A valid composition depends on:
- tool admission into the platform
- availability of a concrete tool version
- known input and output contracts
- semantic compatibility between adjacent nodes
- workflow graph rules enforced by the engine and DTO structure
This means the workflow object behaves like a typed execution graph. The graph is authored by users or agentic components, but it is validated against platform-known contracts.
Relation to Tool Admission
The workflow system should be understood together with the Tool Store.
FLNet does not assume that public containers or scripts are safe to execute just because they exist. Instead:
- tools are registered centrally
- tools pass through a controlled build pipeline
- admitted tool versions become available as workflow node targets
- workflows can only reference what the platform has already accepted
So workflows are downstream of tool governance. This is one of the major differences from systems that treat execution artifacts as externally trusted inputs.
Relation to Agentic Planning
LLM-based or agentic components in FLNet operate inside the workflow model, not outside it.

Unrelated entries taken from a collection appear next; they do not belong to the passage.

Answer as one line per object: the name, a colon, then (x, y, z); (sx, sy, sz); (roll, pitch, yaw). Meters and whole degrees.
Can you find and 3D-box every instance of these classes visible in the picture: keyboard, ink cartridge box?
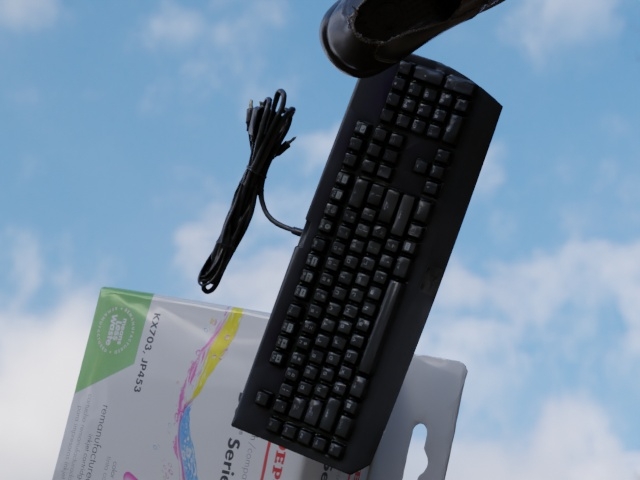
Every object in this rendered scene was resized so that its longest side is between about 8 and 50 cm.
keyboard: (0.000, 0.000, 1.160); (0.201, 0.317, 0.033); (20, -1, 21)
ink cartridge box: (-0.060, 0.169, 1.367); (0.353, 0.207, 0.119); (7, -10, 34)

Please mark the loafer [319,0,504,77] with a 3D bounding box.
loafer: (0.100, -0.190, 1.056); (0.220, 0.078, 0.080); (-40, -83, -3)
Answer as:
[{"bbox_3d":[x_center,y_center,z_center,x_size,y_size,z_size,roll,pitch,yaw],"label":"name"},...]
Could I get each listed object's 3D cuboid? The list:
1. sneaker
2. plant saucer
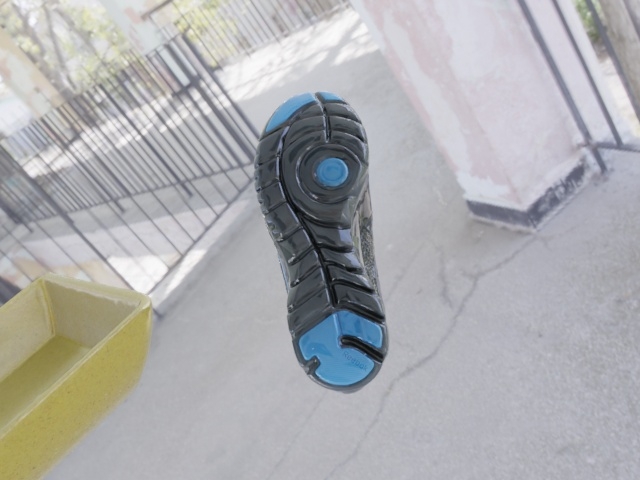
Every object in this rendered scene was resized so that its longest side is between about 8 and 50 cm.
[{"bbox_3d":[0.000,0.000,0.747,0.125,0.139,0.340,-5,71,2],"label":"sneaker"},{"bbox_3d":[-0.331,0.176,0.664,0.333,0.081,0.333,-45,26,-27],"label":"plant saucer"}]
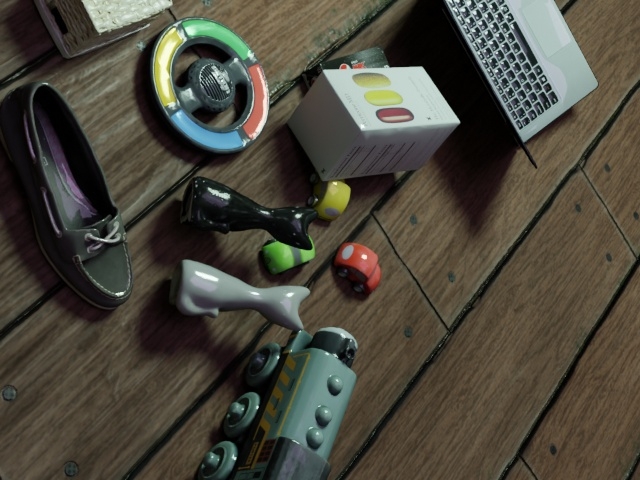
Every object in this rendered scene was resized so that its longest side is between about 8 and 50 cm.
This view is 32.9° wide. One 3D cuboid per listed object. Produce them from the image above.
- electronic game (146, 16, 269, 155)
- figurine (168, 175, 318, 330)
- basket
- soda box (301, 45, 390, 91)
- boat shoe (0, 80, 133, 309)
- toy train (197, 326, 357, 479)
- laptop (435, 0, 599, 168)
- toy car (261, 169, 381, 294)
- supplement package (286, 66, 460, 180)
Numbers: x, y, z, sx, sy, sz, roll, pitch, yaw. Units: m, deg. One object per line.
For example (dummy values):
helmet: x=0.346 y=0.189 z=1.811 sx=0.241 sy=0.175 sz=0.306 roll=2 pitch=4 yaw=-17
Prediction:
electronic game: x=-0.175 y=-0.246 z=1.725 sx=0.229 sy=0.048 sz=0.229 roll=13 pitch=68 yaw=-37
figurine: x=-0.109 y=0.027 z=1.629 sx=0.209 sy=0.092 sz=0.215 roll=12 pitch=69 yaw=-17
basket: x=-0.318 y=-0.356 z=1.599 sx=0.167 sy=0.103 sz=0.113 roll=-34 pitch=101 yaw=-42
soda box: x=0.049 y=-0.298 z=1.927 sx=0.169 sy=0.053 sz=0.060 roll=-24 pitch=93 yaw=-43
boat shoe: x=-0.343 y=-0.061 z=1.494 sx=0.112 sy=0.095 sz=0.335 roll=-31 pitch=98 yaw=-42
toy train: x=-0.048 y=0.273 z=1.583 sx=0.142 sy=0.190 sz=0.334 roll=41 pitch=55 yaw=-25
laptop: x=0.398 y=-0.389 z=2.119 sx=0.408 sy=0.236 sz=0.382 roll=-36 pitch=102 yaw=-23
toy car: x=0.000 y=0.000 z=1.797 sx=0.225 sy=0.053 sz=0.239 roll=-23 pitch=93 yaw=-42
supplement package: x=0.091 y=-0.202 z=1.856 sx=0.244 sy=0.134 sz=0.139 roll=-11 pitch=60 yaw=-42
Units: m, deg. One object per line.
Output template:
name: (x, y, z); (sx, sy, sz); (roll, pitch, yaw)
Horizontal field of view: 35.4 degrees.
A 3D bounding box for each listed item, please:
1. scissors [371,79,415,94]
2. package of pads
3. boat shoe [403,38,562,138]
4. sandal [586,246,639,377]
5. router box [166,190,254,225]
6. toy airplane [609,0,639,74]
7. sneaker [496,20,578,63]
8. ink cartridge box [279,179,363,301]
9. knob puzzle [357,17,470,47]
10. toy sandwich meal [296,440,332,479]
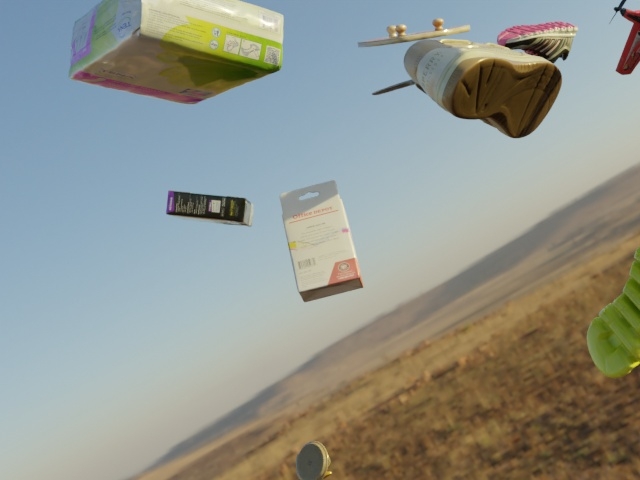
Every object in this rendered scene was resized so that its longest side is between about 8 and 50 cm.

An agent does not generate arbitrary shell pipelines. It proposes graph extensions within the platform’s admissible space:
- only admitted tools
- only known versions
- only contract-compatible edges
- only valid workflow structures
As a result, agentic planning is constrained by backend workflow semantics.
Relation to Execution
Persisted workflows are definitions. Execution happens through run-specific objects that materialize the workflow as executable steps.

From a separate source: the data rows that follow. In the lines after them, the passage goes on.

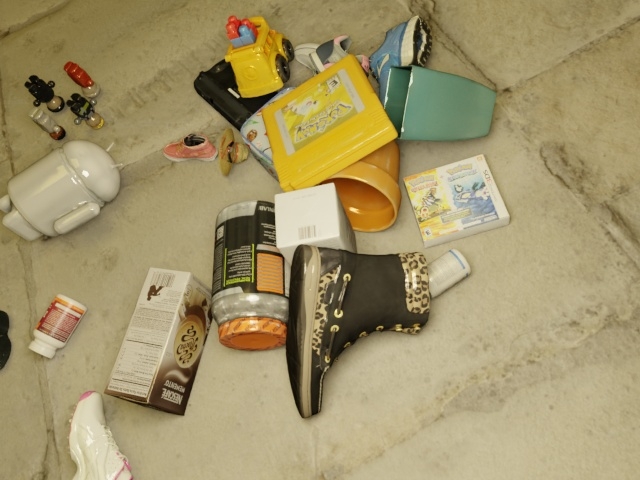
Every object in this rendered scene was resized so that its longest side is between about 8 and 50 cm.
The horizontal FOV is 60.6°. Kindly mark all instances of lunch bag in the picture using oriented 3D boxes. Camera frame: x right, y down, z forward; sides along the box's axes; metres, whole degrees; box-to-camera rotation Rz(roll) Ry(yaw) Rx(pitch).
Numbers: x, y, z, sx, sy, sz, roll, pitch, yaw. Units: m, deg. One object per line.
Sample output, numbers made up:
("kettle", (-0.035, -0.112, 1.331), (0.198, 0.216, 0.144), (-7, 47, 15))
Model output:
("lunch bag", (-0.050, -0.269, 1.468), (0.243, 0.115, 0.303), (-41, 60, -10))

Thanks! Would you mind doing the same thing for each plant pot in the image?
("plant pot", (0.290, -0.323, 1.332), (0.234, 0.165, 0.165), (5, 106, -12))
("plant pot", (0.108, -0.155, 1.323), (0.205, 0.205, 0.188), (10, 57, 20))

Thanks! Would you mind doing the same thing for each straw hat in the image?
("straw hat", (-0.234, -0.245, 1.529), (0.061, 0.144, 0.144), (4, 57, -28))

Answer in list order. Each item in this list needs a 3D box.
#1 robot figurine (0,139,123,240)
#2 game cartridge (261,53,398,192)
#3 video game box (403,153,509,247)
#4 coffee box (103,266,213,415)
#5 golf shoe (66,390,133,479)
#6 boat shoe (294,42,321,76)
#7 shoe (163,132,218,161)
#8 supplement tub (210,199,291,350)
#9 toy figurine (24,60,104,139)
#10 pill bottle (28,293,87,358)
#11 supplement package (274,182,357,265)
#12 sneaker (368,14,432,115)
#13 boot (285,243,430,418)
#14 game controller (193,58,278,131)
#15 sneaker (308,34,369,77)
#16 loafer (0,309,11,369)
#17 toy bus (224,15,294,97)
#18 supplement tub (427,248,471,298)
("robot figurine", (-0.717, -0.148, 1.539), (0.353, 0.200, 0.300), (-34, 62, -3))
("game cartridge", (0.005, -0.279, 1.297), (0.285, 0.052, 0.323), (-30, 44, 12))
("video game box", (0.322, -0.096, 1.315), (0.205, 0.048, 0.187), (-17, 58, 7))
("coffee box", (-0.356, 0.234, 1.267), (0.119, 0.168, 0.297), (5, 66, 18))
("golf shoe", (-0.483, 0.487, 1.220), (0.140, 0.115, 0.306), (-8, 68, 0))
("boat shoe", (0.009, -0.507, 1.585), (0.226, 0.083, 0.076), (22, 71, 23))
("shoe", (-0.387, -0.272, 1.578), (0.178, 0.081, 0.063), (6, 66, 18))
("supplement tub", (-0.154, 0.082, 1.272), (0.193, 0.193, 0.316), (-8, 62, 12))
("toy figurine", (-0.811, -0.436, 1.750), (0.213, 0.148, 0.209), (-20, 66, 2))
("pill bottle", (-0.678, 0.220, 1.409), (0.086, 0.086, 0.152), (18, 70, 23))
("supplement package", (0.000, 0.000, 1.241), (0.139, 0.244, 0.134), (-11, 61, 11))
("sneaker", (0.202, -0.445, 1.495), (0.147, 0.130, 0.330), (1, 69, 41))
("boot", (0.075, 0.188, 1.160), (0.284, 0.138, 0.377), (-2, 102, -17))
("game controller", (-0.245, -0.439, 1.645), (0.166, 0.067, 0.319), (-35, 60, -20))
("sneaker", (0.088, -0.420, 1.448), (0.131, 0.112, 0.319), (-34, 68, 11))
("loafer", (-0.866, 0.272, 1.458), (0.061, 0.062, 0.170), (-32, 54, 24))
("toy bus", (-0.185, -0.546, 1.532), (0.149, 0.211, 0.220), (-9, 50, 22))
("supplement tub", (0.275, 0.073, 1.228), (0.107, 0.071, 0.071), (-32, 60, -3))
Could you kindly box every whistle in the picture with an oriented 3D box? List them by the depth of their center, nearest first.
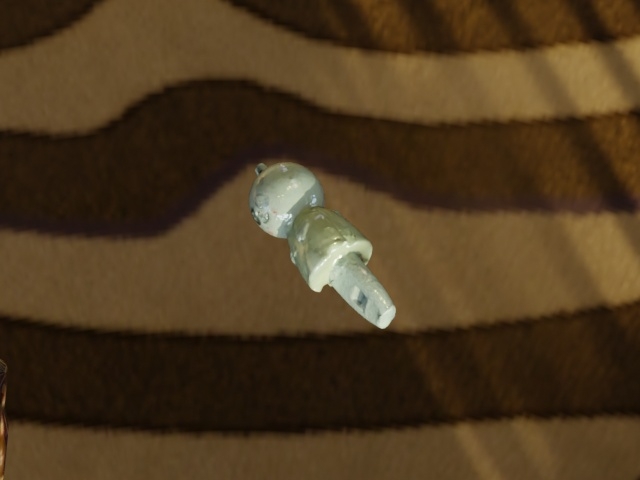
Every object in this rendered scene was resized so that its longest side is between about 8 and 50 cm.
[{"bbox_3d":[0.000,0.000,0.839,0.035,0.035,0.100,-31,62,-18],"label":"whistle"}]

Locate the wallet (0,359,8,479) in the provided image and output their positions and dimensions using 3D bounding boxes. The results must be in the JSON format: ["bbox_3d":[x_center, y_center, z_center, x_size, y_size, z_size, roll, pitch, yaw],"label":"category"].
[{"bbox_3d":[-0.123,0.147,0.341,0.071,0.262,0.221,8,100,10],"label":"wallet"}]
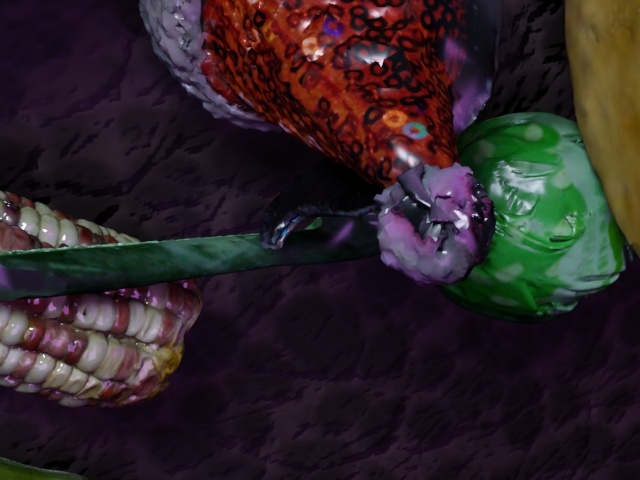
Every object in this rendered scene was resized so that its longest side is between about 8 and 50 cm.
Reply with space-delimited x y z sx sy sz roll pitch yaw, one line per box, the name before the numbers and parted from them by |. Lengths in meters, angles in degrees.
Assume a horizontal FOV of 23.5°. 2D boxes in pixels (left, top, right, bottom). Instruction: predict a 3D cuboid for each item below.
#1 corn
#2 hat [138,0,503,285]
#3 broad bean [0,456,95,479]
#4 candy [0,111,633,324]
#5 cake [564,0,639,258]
corn | -0.152 0.005 0.598 0.237 0.079 0.079 26 108 -33
hat | 0.019 -0.065 0.538 0.140 0.227 0.129 -28 131 0
broad bean | -0.154 0.130 0.707 0.226 0.039 0.069 20 118 -37
candy | 0.000 -0.002 0.638 0.323 0.097 0.097 -6 126 -34
cake | 0.297 -0.105 0.591 0.321 0.332 0.332 -11 127 -23

In the local backend, this handoff is visible in the federated learning run path:
- a workflow node is resolved as a detailed node DTO
- hyperparameters are converted into runtime config artifacts
- inputs and upstream outputs are uploaded into controlled runtime volumes
- orchestrator services execute the node in isolated infrastructure
- produced files are mapped back through workflow connections
Conceptually:
This separation matters:
- workflow objects represent durable graph definitions
- run objects represent one concrete execution of those definitions
Security and Trust Model
The workflow system is part of a larger controlled platform model.
Key consequences:
- execution does not depend on the user’s local machine
- build and runtime environments are centrally governed
- tool provenance is platform-controlled
- workflow steps are traceable to concrete admitted versions
- graph execution can be monitored in infrastructure designed for sensitive data contexts
This is a backend architecture decision, not only a UI or UX feature.

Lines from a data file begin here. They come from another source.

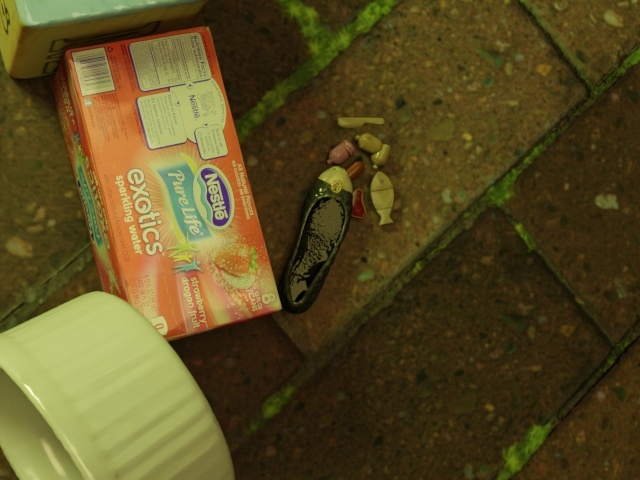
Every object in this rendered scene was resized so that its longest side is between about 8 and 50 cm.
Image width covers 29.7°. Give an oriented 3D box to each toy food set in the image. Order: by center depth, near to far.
[{"bbox_3d":[0.044,-0.078,1.374,0.078,0.019,0.122,-1,91,-18],"label":"toy food set"}]

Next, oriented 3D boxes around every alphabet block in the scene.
[{"bbox_3d":[-0.236,-0.288,1.214,0.193,0.197,0.192,-13,86,-20],"label":"alphabet block"}]

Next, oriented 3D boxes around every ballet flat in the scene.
[{"bbox_3d":[0.000,0.000,1.326,0.058,0.049,0.173,19,80,-9],"label":"ballet flat"}]

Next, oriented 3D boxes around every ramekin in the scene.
[{"bbox_3d":[-0.202,0.182,1.129,0.135,0.277,0.277,-32,94,-26],"label":"ramekin"}]

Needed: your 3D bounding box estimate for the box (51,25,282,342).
[{"bbox_3d":[-0.161,-0.049,1.235,0.154,0.142,0.299,-15,88,-19],"label":"box"}]
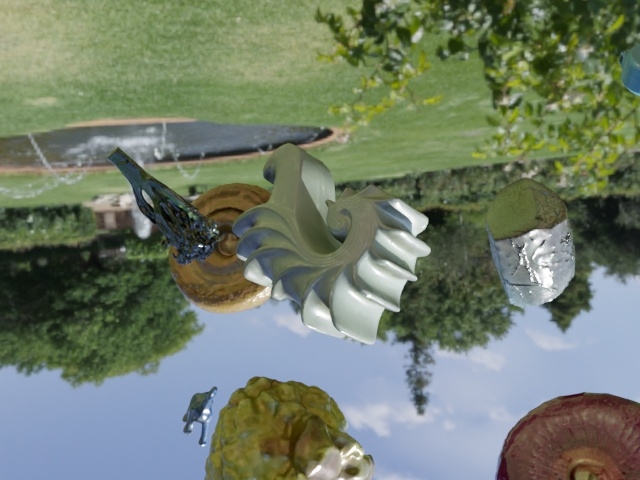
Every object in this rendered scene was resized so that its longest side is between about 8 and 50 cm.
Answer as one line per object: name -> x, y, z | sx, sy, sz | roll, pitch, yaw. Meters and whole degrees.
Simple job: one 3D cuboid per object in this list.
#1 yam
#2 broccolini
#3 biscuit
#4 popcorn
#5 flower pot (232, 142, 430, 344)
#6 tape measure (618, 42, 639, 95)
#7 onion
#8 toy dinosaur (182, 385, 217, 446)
yam -> 0.487, 0.001, 1.534 | 0.201, 0.271, 0.203 | -23, -137, 15
broccolini -> -0.223, -0.057, 0.956 | 0.091, 0.203, 0.068 | -27, -168, 28
biscuit -> -0.197, 0.011, 1.434 | 0.296, 0.297, 0.102 | -4, 159, 16
popcorn -> -0.039, 0.319, 0.980 | 0.251, 0.206, 0.237 | 13, 173, 3
flower pot -> 0.000, 0.000, 1.142 | 0.367, 0.254, 0.164 | 31, -177, 41
tape measure -> 0.629, -0.319, 1.227 | 0.125, 0.081, 0.146 | -7, -135, -2
onion -> 0.299, 0.250, 0.686 | 0.200, 0.201, 0.207 | -6, -179, -27
toy dinosaur -> -0.274, 0.378, 1.601 | 0.075, 0.188, 0.248 | 21, -164, -6
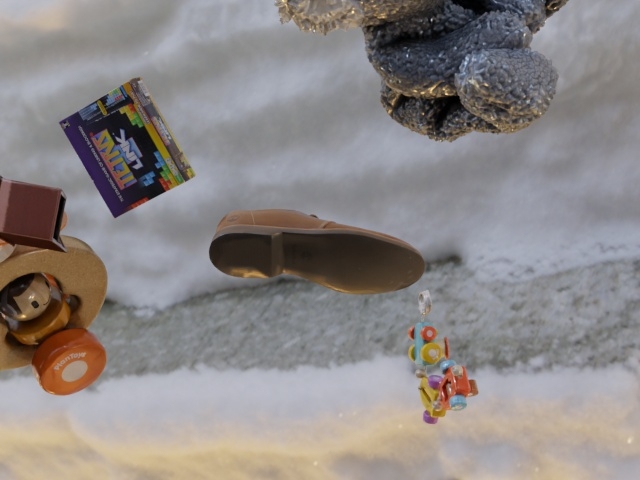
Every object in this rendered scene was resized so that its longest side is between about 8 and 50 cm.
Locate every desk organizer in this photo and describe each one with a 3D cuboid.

Practical Backend Implications
When working on this subsystem, treat workflows as:
- typed graph definitions, not plain ordered lists
- ownership-aware persisted aggregates
- objects that must remain compatible with Tool Store metadata
- execution inputs to downstream orchestration layers
Do not treat a node as self-sufficient if its tool metadata must still be resolved from the global store. Do not treat an edge as valid if it only references node IDs without matching interface names.
Extension Points
The current backend structure supports extension in several directions:
- stricter semantic validation before persistence
- richer compatibility checks for inputs and outputs
- workflow templates or system-owned starter graphs
- export and import formats for graph exchange
- stronger agentic planning constraints derived from node contracts
Summary
In FLNet , workflows are platform-governed, typed execution DAGs built from admitted tool versions. The backend persists them as workflow roots with nodes and contract-carrying connections, enriches them with Tool-Store metadata, computes execution order, and hands them off to controlled runtime infrastructure through run-specific execution layers.
That is the core difference to many classic workflow systems: FLNet does not start by trusting external tools and then orchestrating them. It starts by governing tool admission, then uses those governed artifacts to build valid executable workflow graphs inside the platform.